Trump Tariffs and Modi Domestic Politics

Michael Kugelman, a South Asia analyst at the Washington-based Wilson Center, argued that Trump’s tariffs weren’t the only reason for India’s strategic drift. “We’ve seen indications for almost a year of India wanting to ease tensions with China and strengthen relations, mainly for economic reasons. But the Trump administration’s policies have made India want to move even more quickly,” he said.

Some of the steps India has taken could be diplomatic theater, analysts say, but some seem more structural. “India is going to double down on some aspects of its economic and defense relationship with Russia — and those parts are not performative,” Feigenbaum said.

India had been moving away from a “lopsided” arms relationship with Russia before the Ukraine war and had brought in U.S., French, and Israeli systems. But as Russia attacked Ukraine, Delhi turned to Moscow for its energy trade. Kugelman called it “a triumph for India’s worldview that the U.S. can’t be trusted, whereas Russia can — because Russia is always going to be there for India no matter what.”

For Modi’s nationalist government, the diplomatic pivot is also good politics back home. By striking a tough stance, Modi is signaling that he will protect the livelihoods of farmers, small businesses, and young workers in India. That message has great resonance domestically. “India had already given to the U.S. on things like tariff concessions, on repatriating Indian workers, on other things,” Kugelman said. “Because of those concessions, India needs to be careful about signaling further willingness to bend. This is one reason there was no trade deal — Modi put his foot down.”

In the United States, impatience is growing. Peter Navarro, Trump’s former top White House trade adviser, wrote in the Financial Times that India’s purchases of Russian oil were “opportunistic” and “deeply corrosive.” In an op-ed, Navarro argued that tariffs are a necessary way of punishing India “where it hurts — its access to U.S. markets — even as it seeks to cut off the financial lifeline it has extended to Russia’s war effort.”

Points of Friction, Points of Compromise

The souring comes at odds with other key junctures in the relationship.
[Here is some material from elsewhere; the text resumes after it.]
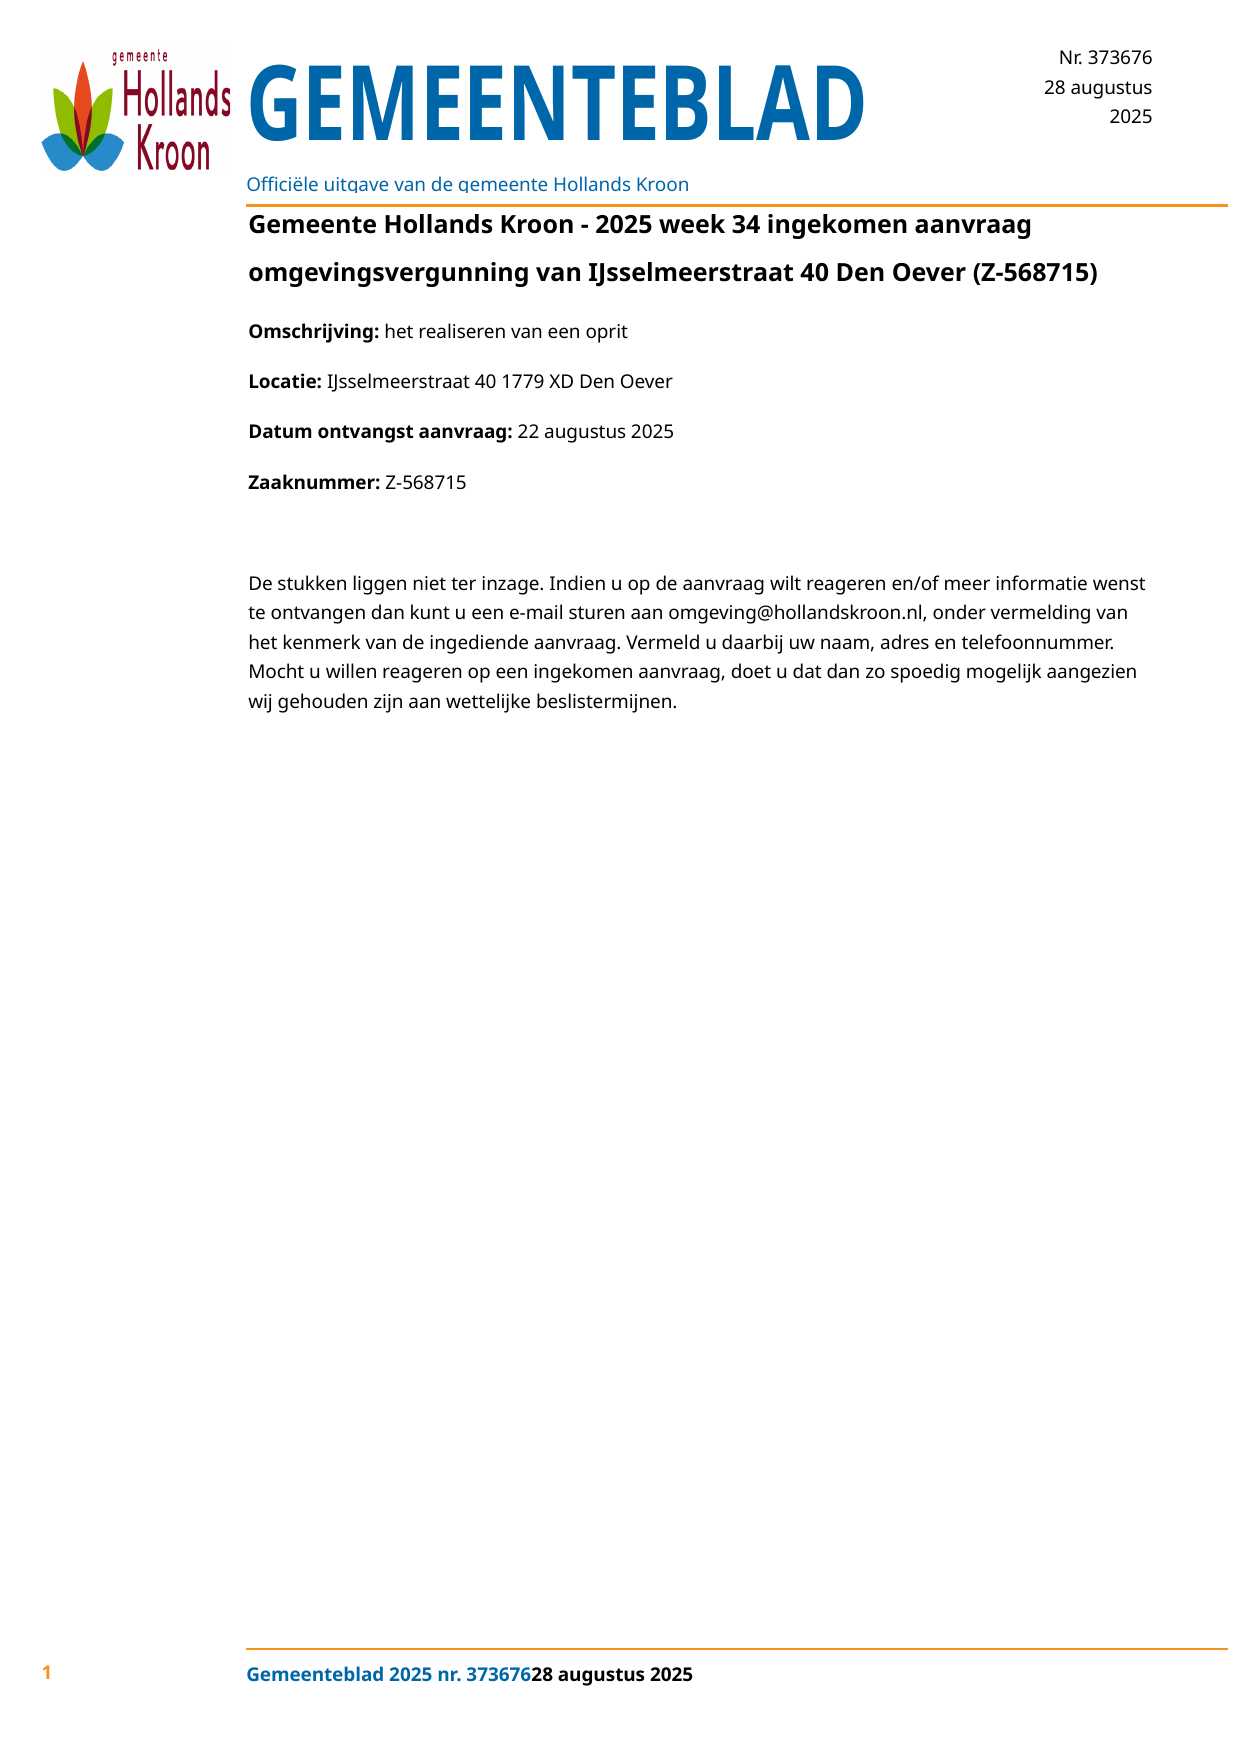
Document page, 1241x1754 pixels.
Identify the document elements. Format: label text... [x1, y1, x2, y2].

In 2008, then-president George W. Bush signed a civil nuclear deal with India that would allow New Delhi access to American fuel and technology despite India’s status as a non-signatory to the Non-Proliferation Treaty. But in the years after, both countries were able to compartmentalize many points of friction — including those over Pakistan and India’s trade with Iran and Russia — so that disagreements in one area didn’t impact the broader partnership.

Much has changed in 15 years. Washington has long seen India as a key democratic counterweight to China in the Indo-Pacific region championed by Obama, Trump, and now Biden. But if the frictions continue to bleed into areas of defense and intelligence cooperation, that foundation will also come under pressure.